Finally we have packed modes. Y still tells you what word row to start with, but now instead of B we have the block number parameter H. If your 16 threads were to write one one byte each in packed mode, you would only write 16 bytes, or enough to fill a block of four words. However with 16 words per row, there are four of these blocks. The H parameter controls what block you address. H=0 accesses the 16 bytes in words [0..3], H=1 accesses the 16 bytes in words [4..7], and in the example above H=2 accesses the 16 bytes in words [8..11]. Again, 16-bit modes function similarly, but with each thread writing out twice the data, only two blocks are possible. H=0 accesses the 32 bytes at words [0..7] and H=1 accesses the 32 bytes at words [8..15].
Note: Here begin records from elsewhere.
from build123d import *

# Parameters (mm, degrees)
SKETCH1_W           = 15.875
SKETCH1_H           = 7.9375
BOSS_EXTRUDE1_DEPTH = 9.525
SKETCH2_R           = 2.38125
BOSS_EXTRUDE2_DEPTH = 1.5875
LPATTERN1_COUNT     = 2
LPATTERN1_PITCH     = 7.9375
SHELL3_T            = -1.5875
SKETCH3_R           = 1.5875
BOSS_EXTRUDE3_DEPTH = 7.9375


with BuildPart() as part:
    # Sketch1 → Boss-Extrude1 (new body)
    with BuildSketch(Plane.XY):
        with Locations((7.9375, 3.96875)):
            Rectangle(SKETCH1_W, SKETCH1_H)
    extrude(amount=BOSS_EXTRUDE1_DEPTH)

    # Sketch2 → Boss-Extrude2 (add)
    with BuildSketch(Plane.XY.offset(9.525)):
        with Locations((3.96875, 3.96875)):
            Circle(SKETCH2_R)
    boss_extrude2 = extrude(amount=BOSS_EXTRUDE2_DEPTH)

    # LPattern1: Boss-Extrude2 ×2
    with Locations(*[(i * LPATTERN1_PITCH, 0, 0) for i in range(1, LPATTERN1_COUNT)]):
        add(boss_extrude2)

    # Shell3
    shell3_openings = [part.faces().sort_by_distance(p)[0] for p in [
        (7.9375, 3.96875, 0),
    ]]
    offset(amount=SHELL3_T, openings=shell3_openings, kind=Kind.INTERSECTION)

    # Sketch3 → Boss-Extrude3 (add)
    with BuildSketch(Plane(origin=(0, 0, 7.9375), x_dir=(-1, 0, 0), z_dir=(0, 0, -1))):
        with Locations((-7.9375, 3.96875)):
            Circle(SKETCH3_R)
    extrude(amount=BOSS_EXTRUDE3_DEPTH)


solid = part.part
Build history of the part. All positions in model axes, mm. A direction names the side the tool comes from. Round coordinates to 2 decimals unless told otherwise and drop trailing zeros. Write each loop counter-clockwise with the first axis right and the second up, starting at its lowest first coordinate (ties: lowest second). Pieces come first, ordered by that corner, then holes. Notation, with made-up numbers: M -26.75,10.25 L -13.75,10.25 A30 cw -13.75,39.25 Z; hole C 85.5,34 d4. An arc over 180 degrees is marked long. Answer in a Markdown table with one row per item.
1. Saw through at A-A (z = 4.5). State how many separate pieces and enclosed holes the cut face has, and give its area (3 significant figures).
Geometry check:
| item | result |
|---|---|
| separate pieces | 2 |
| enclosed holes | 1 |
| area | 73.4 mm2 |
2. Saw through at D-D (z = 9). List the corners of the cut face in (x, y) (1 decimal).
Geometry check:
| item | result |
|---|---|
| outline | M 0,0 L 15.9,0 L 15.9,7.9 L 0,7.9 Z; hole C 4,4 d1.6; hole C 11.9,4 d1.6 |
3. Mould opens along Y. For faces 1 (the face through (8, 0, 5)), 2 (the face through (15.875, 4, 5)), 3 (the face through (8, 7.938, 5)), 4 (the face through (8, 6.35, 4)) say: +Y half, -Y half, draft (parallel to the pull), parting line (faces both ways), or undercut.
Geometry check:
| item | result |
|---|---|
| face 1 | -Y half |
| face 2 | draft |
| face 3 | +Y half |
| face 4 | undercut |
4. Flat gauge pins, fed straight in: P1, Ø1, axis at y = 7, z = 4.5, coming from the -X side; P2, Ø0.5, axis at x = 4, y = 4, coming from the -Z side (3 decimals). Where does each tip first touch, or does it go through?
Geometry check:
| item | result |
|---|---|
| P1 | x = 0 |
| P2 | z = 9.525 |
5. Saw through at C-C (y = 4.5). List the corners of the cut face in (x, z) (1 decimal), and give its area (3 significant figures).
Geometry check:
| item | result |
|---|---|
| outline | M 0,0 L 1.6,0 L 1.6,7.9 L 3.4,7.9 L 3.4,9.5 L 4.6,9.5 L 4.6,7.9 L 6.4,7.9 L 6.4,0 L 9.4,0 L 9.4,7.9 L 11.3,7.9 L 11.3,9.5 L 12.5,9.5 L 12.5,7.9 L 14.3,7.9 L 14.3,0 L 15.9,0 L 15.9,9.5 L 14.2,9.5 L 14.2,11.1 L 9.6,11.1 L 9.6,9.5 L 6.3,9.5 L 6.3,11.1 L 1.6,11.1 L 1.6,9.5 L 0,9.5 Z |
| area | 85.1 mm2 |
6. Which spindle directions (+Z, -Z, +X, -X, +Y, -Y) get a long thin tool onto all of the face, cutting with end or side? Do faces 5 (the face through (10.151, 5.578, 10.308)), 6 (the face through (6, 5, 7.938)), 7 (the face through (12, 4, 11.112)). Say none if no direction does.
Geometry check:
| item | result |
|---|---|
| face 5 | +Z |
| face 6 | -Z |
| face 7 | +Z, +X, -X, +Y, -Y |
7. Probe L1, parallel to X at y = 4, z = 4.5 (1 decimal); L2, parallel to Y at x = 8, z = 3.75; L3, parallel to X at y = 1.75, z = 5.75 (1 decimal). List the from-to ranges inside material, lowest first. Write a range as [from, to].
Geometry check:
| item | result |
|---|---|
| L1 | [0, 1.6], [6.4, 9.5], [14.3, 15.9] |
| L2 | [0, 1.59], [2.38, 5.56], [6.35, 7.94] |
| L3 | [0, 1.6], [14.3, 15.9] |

And then there are the vertical modes. You still have a block of 16×64 words, but in this diagram the four lanes of each word are represented horizontally. This visually makes much more sense when you start talking about lanes in a word.

All the old concepts still apply. You have 32-bit mode, as well as 8 and 16-bit laned, and packed modes. However now, instead of block parameter H sliding your start offset left and right, it slides it up and down. This puts a new constraint on Y to save bits, avoid redundancy, and make address incrementing more intuitive. Looking at 8-bit packed mode (a), you could get the exact same start address specifying Y=4 as your starting row as you could by specifying Y=0 and block H=1. Therefore in vertical modes, Y values are encoded as multiples of 16. There is now also an X parameter to the address that specifies what column you are going down.

Programming VPM and VCD

There are a few VPM and VCD related registers in the QPU regfile.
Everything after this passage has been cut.